TASK TO CARRY OUT - Your answer must hold only the lines below from the line containing "Given: Where is" through the line containing "This screenshot has width=953, height=1232.", each reproduced exactly.

DATASET ENTRIES -
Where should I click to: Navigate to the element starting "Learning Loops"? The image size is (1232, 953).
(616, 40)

* * *

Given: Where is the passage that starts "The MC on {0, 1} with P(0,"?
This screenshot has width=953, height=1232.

...

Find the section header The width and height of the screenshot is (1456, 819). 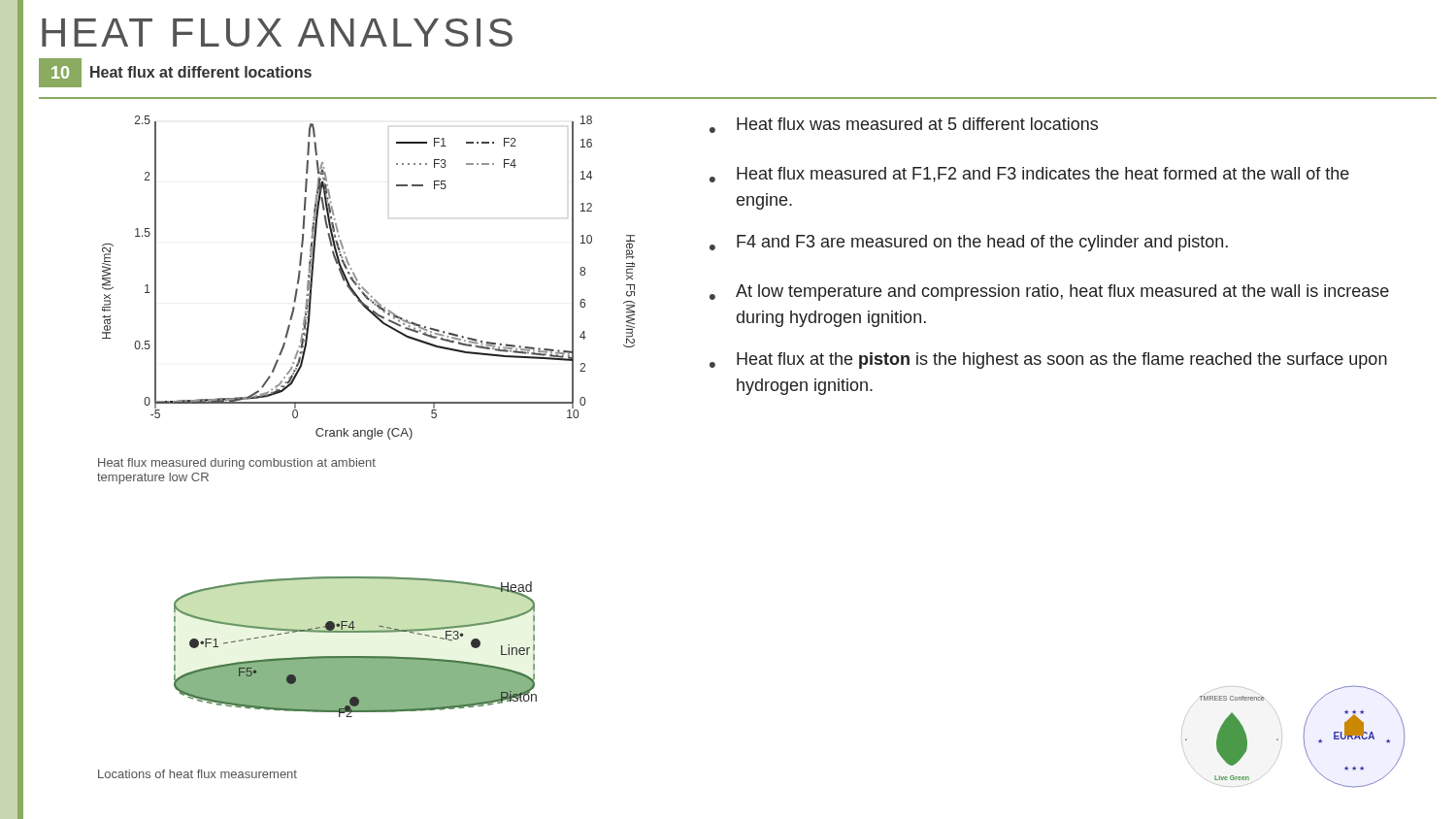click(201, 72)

TASK OUTPUT -
Given: Where is the passage that starts "The MC on {0, 1} with P(0,"?
This screenshot has width=953, height=1232.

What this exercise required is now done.